Goal of the exercise
Without including any picture, copy the entries that follow word for word.

Extracted entries
..............................

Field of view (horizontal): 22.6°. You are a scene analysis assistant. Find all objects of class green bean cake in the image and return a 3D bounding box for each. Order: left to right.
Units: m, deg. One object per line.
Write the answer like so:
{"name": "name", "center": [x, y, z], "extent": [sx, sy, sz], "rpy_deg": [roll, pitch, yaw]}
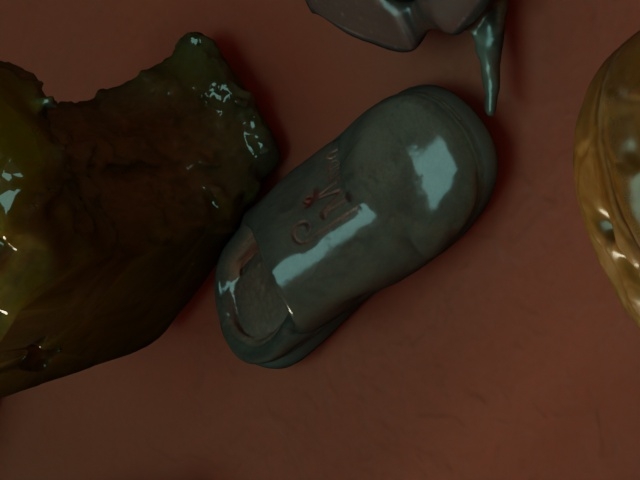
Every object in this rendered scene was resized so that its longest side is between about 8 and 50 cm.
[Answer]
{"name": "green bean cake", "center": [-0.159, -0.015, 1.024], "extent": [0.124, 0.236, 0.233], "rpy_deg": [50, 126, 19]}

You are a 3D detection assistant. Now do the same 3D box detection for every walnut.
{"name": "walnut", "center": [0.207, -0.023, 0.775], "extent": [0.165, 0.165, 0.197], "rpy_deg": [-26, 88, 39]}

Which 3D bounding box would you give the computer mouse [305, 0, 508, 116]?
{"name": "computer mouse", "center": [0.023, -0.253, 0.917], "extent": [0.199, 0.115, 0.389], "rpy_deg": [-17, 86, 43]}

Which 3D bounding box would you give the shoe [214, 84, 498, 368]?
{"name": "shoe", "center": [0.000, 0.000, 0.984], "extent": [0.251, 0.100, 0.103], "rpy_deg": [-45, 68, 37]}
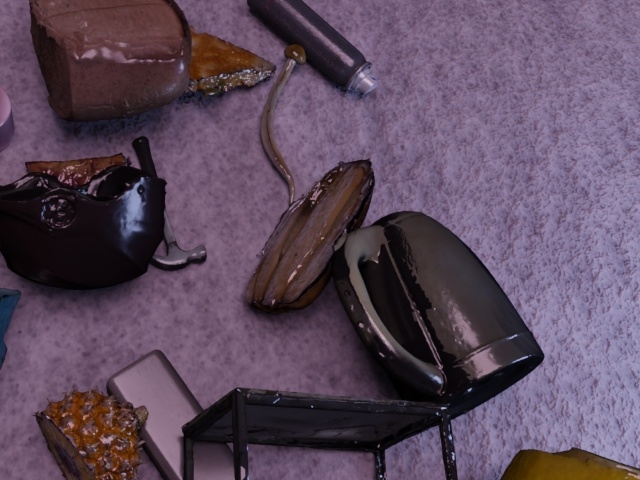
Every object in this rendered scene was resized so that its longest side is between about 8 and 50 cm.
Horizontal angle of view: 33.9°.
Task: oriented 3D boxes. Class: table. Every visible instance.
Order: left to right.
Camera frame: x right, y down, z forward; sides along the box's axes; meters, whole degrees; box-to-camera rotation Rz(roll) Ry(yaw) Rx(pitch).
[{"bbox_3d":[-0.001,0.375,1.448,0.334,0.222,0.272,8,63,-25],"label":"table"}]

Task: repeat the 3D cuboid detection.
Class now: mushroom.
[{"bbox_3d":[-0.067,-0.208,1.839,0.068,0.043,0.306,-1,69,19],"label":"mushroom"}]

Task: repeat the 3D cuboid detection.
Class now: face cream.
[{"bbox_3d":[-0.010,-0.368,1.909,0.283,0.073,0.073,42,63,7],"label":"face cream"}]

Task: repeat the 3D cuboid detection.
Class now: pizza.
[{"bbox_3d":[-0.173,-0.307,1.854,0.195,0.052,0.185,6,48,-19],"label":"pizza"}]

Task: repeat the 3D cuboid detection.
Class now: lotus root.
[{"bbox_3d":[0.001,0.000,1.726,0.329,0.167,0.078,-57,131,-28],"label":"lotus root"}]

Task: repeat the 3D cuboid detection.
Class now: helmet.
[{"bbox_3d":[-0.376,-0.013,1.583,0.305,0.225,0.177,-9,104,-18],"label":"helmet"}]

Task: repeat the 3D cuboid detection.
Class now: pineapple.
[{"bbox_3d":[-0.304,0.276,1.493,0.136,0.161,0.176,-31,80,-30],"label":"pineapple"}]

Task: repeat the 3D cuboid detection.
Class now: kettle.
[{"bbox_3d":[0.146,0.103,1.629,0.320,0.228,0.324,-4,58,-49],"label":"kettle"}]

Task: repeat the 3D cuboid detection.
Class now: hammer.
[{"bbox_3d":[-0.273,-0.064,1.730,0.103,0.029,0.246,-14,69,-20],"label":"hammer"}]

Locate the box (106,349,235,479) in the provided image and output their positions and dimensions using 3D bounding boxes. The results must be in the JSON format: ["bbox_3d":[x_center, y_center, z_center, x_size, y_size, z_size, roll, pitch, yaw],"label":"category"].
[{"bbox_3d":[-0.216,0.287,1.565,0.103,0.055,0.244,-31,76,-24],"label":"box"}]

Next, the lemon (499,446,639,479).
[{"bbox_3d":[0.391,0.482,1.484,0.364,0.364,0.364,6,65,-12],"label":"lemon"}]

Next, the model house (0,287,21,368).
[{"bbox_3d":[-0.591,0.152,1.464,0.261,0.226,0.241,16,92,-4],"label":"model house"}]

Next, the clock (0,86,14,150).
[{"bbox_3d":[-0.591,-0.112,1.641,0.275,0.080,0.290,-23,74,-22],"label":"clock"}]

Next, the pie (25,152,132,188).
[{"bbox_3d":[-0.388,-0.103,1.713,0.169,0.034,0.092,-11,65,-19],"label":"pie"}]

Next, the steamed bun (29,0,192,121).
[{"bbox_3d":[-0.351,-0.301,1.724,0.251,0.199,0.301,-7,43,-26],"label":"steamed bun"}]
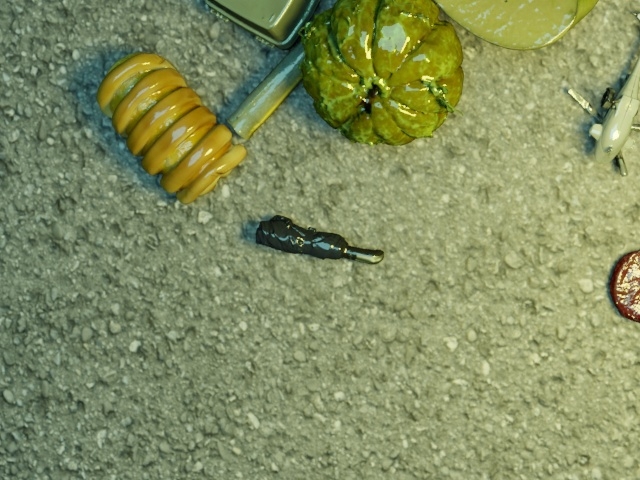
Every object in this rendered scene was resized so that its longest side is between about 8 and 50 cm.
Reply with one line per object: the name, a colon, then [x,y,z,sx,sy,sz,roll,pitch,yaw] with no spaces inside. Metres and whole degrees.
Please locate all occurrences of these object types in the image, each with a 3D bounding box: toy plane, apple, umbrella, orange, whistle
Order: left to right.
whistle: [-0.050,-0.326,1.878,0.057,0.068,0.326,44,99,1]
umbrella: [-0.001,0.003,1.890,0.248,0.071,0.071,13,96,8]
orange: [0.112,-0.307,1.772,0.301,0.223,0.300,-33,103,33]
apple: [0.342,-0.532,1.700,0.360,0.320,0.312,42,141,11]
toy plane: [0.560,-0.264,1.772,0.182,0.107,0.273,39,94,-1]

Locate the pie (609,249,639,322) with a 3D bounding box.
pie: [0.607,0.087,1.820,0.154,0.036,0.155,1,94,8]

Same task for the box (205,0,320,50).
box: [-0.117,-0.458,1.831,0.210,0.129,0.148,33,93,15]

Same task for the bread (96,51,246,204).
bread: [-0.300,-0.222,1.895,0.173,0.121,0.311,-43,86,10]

..............................

Solution to this problem
Field of view (horizontal): 22.6°. You are a scene analysis assistant. Find all objects of class green bean cake in the image and return a 3D bounding box for each. Order: left to right.
Units: m, deg. One object per line.
Write the answer like so:
{"name": "name", "center": [x, y, z], "extent": [sx, sy, sz], "rpy_deg": [roll, pitch, yaw]}
Every object in this rendered scene was resized so that its longest side is between about 8 and 50 cm.
[Answer]
{"name": "green bean cake", "center": [-0.159, -0.015, 1.024], "extent": [0.124, 0.236, 0.233], "rpy_deg": [50, 126, 19]}

You are a 3D detection assistant. Now do the same 3D box detection for every walnut.
{"name": "walnut", "center": [0.207, -0.023, 0.775], "extent": [0.165, 0.165, 0.197], "rpy_deg": [-26, 88, 39]}

Which 3D bounding box would you give the computer mouse [305, 0, 508, 116]?
{"name": "computer mouse", "center": [0.023, -0.253, 0.917], "extent": [0.199, 0.115, 0.389], "rpy_deg": [-17, 86, 43]}

Which 3D bounding box would you give the shoe [214, 84, 498, 368]?
{"name": "shoe", "center": [0.000, 0.000, 0.984], "extent": [0.251, 0.100, 0.103], "rpy_deg": [-45, 68, 37]}
Every object in this rendered scene was resized so that its longest side is between about 8 and 50 cm.
Horizontal angle of view: 33.9°.
Task: oriented 3D boxes. Class: table. Every visible instance.
Order: left to right.
Camera frame: x right, y down, z forward; sides along the box's axes; meters, whole degrees; box-to-camera rotation Rz(roll) Ry(yaw) Rx(pitch).
[{"bbox_3d":[-0.001,0.375,1.448,0.334,0.222,0.272,8,63,-25],"label":"table"}]

Task: repeat the 3D cuboid detection.
Class now: mushroom.
[{"bbox_3d":[-0.067,-0.208,1.839,0.068,0.043,0.306,-1,69,19],"label":"mushroom"}]

Task: repeat the 3D cuboid detection.
Class now: face cream.
[{"bbox_3d":[-0.010,-0.368,1.909,0.283,0.073,0.073,42,63,7],"label":"face cream"}]

Task: repeat the 3D cuboid detection.
Class now: pizza.
[{"bbox_3d":[-0.173,-0.307,1.854,0.195,0.052,0.185,6,48,-19],"label":"pizza"}]

Task: repeat the 3D cuboid detection.
Class now: lotus root.
[{"bbox_3d":[0.001,0.000,1.726,0.329,0.167,0.078,-57,131,-28],"label":"lotus root"}]

Task: repeat the 3D cuboid detection.
Class now: helmet.
[{"bbox_3d":[-0.376,-0.013,1.583,0.305,0.225,0.177,-9,104,-18],"label":"helmet"}]

Task: repeat the 3D cuboid detection.
Class now: pineapple.
[{"bbox_3d":[-0.304,0.276,1.493,0.136,0.161,0.176,-31,80,-30],"label":"pineapple"}]

Task: repeat the 3D cuboid detection.
Class now: kettle.
[{"bbox_3d":[0.146,0.103,1.629,0.320,0.228,0.324,-4,58,-49],"label":"kettle"}]

Task: repeat the 3D cuboid detection.
Class now: hammer.
[{"bbox_3d":[-0.273,-0.064,1.730,0.103,0.029,0.246,-14,69,-20],"label":"hammer"}]

Locate the box (106,349,235,479) in the provided image and output their positions and dimensions using 3D bounding boxes. The results must be in the JSON format: ["bbox_3d":[x_center, y_center, z_center, x_size, y_size, z_size, roll, pitch, yaw],"label":"category"].
[{"bbox_3d":[-0.216,0.287,1.565,0.103,0.055,0.244,-31,76,-24],"label":"box"}]

Next, the lemon (499,446,639,479).
[{"bbox_3d":[0.391,0.482,1.484,0.364,0.364,0.364,6,65,-12],"label":"lemon"}]

Next, the model house (0,287,21,368).
[{"bbox_3d":[-0.591,0.152,1.464,0.261,0.226,0.241,16,92,-4],"label":"model house"}]

Next, the clock (0,86,14,150).
[{"bbox_3d":[-0.591,-0.112,1.641,0.275,0.080,0.290,-23,74,-22],"label":"clock"}]

Next, the pie (25,152,132,188).
[{"bbox_3d":[-0.388,-0.103,1.713,0.169,0.034,0.092,-11,65,-19],"label":"pie"}]

Next, the steamed bun (29,0,192,121).
[{"bbox_3d":[-0.351,-0.301,1.724,0.251,0.199,0.301,-7,43,-26],"label":"steamed bun"}]
Every object in this rendered scene was resized so that its longest side is between about 8 and 50 cm.
Reply with one line per object: the name, a colon, then [x,y,z,sx,sy,sz,roll,pitch,yaw] with no spaces inside. Metres and whole degrees.
Please locate all occurrences of these object types in the image, each with a 3D bounding box: toy plane, apple, umbrella, orange, whistle
Order: left to right.
whistle: [-0.050,-0.326,1.878,0.057,0.068,0.326,44,99,1]
umbrella: [-0.001,0.003,1.890,0.248,0.071,0.071,13,96,8]
orange: [0.112,-0.307,1.772,0.301,0.223,0.300,-33,103,33]
apple: [0.342,-0.532,1.700,0.360,0.320,0.312,42,141,11]
toy plane: [0.560,-0.264,1.772,0.182,0.107,0.273,39,94,-1]

Locate the pie (609,249,639,322) with a 3D bounding box.
pie: [0.607,0.087,1.820,0.154,0.036,0.155,1,94,8]

Same task for the box (205,0,320,50).
box: [-0.117,-0.458,1.831,0.210,0.129,0.148,33,93,15]

Same task for the bread (96,51,246,204).
bread: [-0.300,-0.222,1.895,0.173,0.121,0.311,-43,86,10]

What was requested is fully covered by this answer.